WORK TO BE COMPLETED
Although pictures appear in the entries below, leave them out and print exactly the lines from the first line through the line containing "Your answer should be very brief. Yes.".

MATERIAL FOR THE TASK
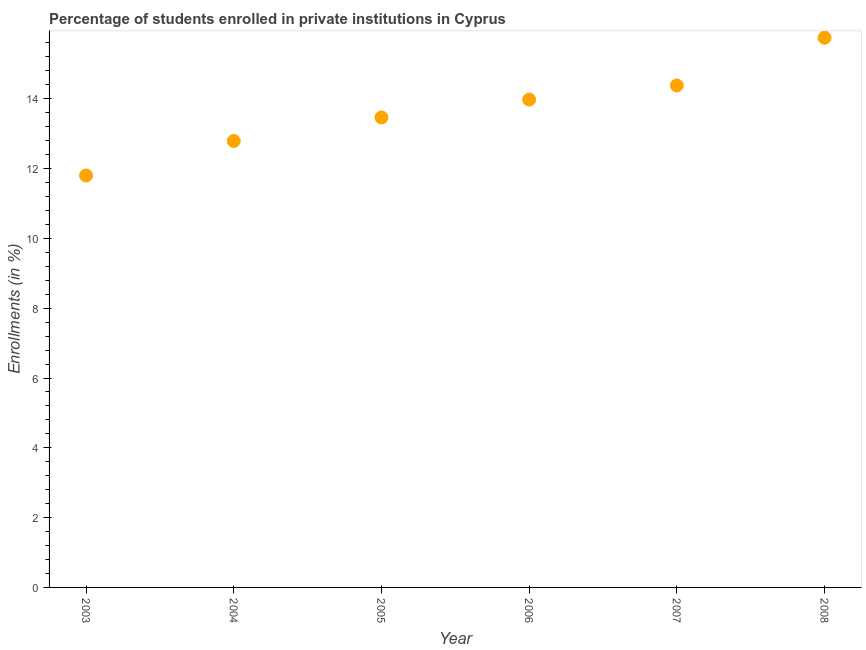What is the enrollments in private institutions in 2005?
Your answer should be very brief. 13.47. Across all years, what is the maximum enrollments in private institutions?
Keep it short and to the point. 15.75. Across all years, what is the minimum enrollments in private institutions?
Give a very brief answer. 11.8. In which year was the enrollments in private institutions maximum?
Provide a succinct answer. 2008. In which year was the enrollments in private institutions minimum?
Provide a short and direct response. 2003. What is the sum of the enrollments in private institutions?
Keep it short and to the point. 82.18. What is the difference between the enrollments in private institutions in 2006 and 2007?
Offer a very short reply. -0.4. What is the average enrollments in private institutions per year?
Keep it short and to the point. 13.7. What is the median enrollments in private institutions?
Give a very brief answer. 13.72. In how many years, is the enrollments in private institutions greater than 0.4 %?
Your response must be concise. 6. Do a majority of the years between 2007 and 2003 (inclusive) have enrollments in private institutions greater than 2 %?
Give a very brief answer. Yes. What is the ratio of the enrollments in private institutions in 2003 to that in 2004?
Your answer should be compact. 0.92. Is the enrollments in private institutions in 2004 less than that in 2007?
Offer a terse response. Yes. What is the difference between the highest and the second highest enrollments in private institutions?
Offer a very short reply. 1.37. Is the sum of the enrollments in private institutions in 2004 and 2008 greater than the maximum enrollments in private institutions across all years?
Keep it short and to the point. Yes. What is the difference between the highest and the lowest enrollments in private institutions?
Provide a short and direct response. 3.95. In how many years, is the enrollments in private institutions greater than the average enrollments in private institutions taken over all years?
Offer a very short reply. 3. Does the enrollments in private institutions monotonically increase over the years?
Your answer should be very brief. Yes. How many years are there in the graph?
Ensure brevity in your answer.  6. What is the difference between two consecutive major ticks on the Y-axis?
Offer a terse response. 2. Are the values on the major ticks of Y-axis written in scientific E-notation?
Your answer should be very brief. No. Does the graph contain any zero values?
Keep it short and to the point. No. What is the title of the graph?
Give a very brief answer. Percentage of students enrolled in private institutions in Cyprus. What is the label or title of the Y-axis?
Keep it short and to the point. Enrollments (in %). What is the Enrollments (in %) in 2003?
Offer a very short reply. 11.8. What is the Enrollments (in %) in 2004?
Give a very brief answer. 12.79. What is the Enrollments (in %) in 2005?
Make the answer very short. 13.47. What is the Enrollments (in %) in 2006?
Your answer should be compact. 13.98. What is the Enrollments (in %) in 2007?
Offer a terse response. 14.38. What is the Enrollments (in %) in 2008?
Offer a terse response. 15.75. What is the difference between the Enrollments (in %) in 2003 and 2004?
Your answer should be very brief. -0.99. What is the difference between the Enrollments (in %) in 2003 and 2005?
Ensure brevity in your answer.  -1.66. What is the difference between the Enrollments (in %) in 2003 and 2006?
Give a very brief answer. -2.18. What is the difference between the Enrollments (in %) in 2003 and 2007?
Give a very brief answer. -2.58. What is the difference between the Enrollments (in %) in 2003 and 2008?
Offer a very short reply. -3.95. What is the difference between the Enrollments (in %) in 2004 and 2005?
Your answer should be very brief. -0.67. What is the difference between the Enrollments (in %) in 2004 and 2006?
Your answer should be very brief. -1.19. What is the difference between the Enrollments (in %) in 2004 and 2007?
Keep it short and to the point. -1.59. What is the difference between the Enrollments (in %) in 2004 and 2008?
Make the answer very short. -2.96. What is the difference between the Enrollments (in %) in 2005 and 2006?
Ensure brevity in your answer.  -0.51. What is the difference between the Enrollments (in %) in 2005 and 2007?
Your answer should be compact. -0.92. What is the difference between the Enrollments (in %) in 2005 and 2008?
Ensure brevity in your answer.  -2.28. What is the difference between the Enrollments (in %) in 2006 and 2007?
Your response must be concise. -0.4. What is the difference between the Enrollments (in %) in 2006 and 2008?
Provide a succinct answer. -1.77. What is the difference between the Enrollments (in %) in 2007 and 2008?
Your answer should be compact. -1.37. What is the ratio of the Enrollments (in %) in 2003 to that in 2004?
Provide a succinct answer. 0.92. What is the ratio of the Enrollments (in %) in 2003 to that in 2005?
Offer a very short reply. 0.88. What is the ratio of the Enrollments (in %) in 2003 to that in 2006?
Provide a short and direct response. 0.84. What is the ratio of the Enrollments (in %) in 2003 to that in 2007?
Give a very brief answer. 0.82. What is the ratio of the Enrollments (in %) in 2003 to that in 2008?
Your answer should be compact. 0.75. What is the ratio of the Enrollments (in %) in 2004 to that in 2006?
Offer a terse response. 0.92. What is the ratio of the Enrollments (in %) in 2004 to that in 2007?
Offer a very short reply. 0.89. What is the ratio of the Enrollments (in %) in 2004 to that in 2008?
Offer a terse response. 0.81. What is the ratio of the Enrollments (in %) in 2005 to that in 2007?
Make the answer very short. 0.94. What is the ratio of the Enrollments (in %) in 2005 to that in 2008?
Your answer should be very brief. 0.85. What is the ratio of the Enrollments (in %) in 2006 to that in 2008?
Ensure brevity in your answer.  0.89.

ANSWER SECTION
What is the enrollments in private institutions in 2005?
Your answer should be very brief. 13.47. Across all years, what is the maximum enrollments in private institutions?
Keep it short and to the point. 15.75. Across all years, what is the minimum enrollments in private institutions?
Give a very brief answer. 11.8. In which year was the enrollments in private institutions maximum?
Provide a succinct answer. 2008. In which year was the enrollments in private institutions minimum?
Provide a short and direct response. 2003. What is the sum of the enrollments in private institutions?
Keep it short and to the point. 82.18. What is the difference between the enrollments in private institutions in 2006 and 2007?
Offer a very short reply. -0.4. What is the average enrollments in private institutions per year?
Keep it short and to the point. 13.7. What is the median enrollments in private institutions?
Give a very brief answer. 13.72. In how many years, is the enrollments in private institutions greater than 0.4 %?
Your response must be concise. 6. Do a majority of the years between 2007 and 2003 (inclusive) have enrollments in private institutions greater than 2 %?
Give a very brief answer. Yes. What is the ratio of the enrollments in private institutions in 2003 to that in 2004?
Your answer should be compact. 0.92. Is the enrollments in private institutions in 2004 less than that in 2007?
Offer a terse response. Yes. What is the difference between the highest and the second highest enrollments in private institutions?
Offer a very short reply. 1.37. Is the sum of the enrollments in private institutions in 2004 and 2008 greater than the maximum enrollments in private institutions across all years?
Keep it short and to the point. Yes. What is the difference between the highest and the lowest enrollments in private institutions?
Provide a short and direct response. 3.95. In how many years, is the enrollments in private institutions greater than the average enrollments in private institutions taken over all years?
Offer a very short reply. 3. Does the enrollments in private institutions monotonically increase over the years?
Your answer should be very brief. Yes. How many years are there in the graph?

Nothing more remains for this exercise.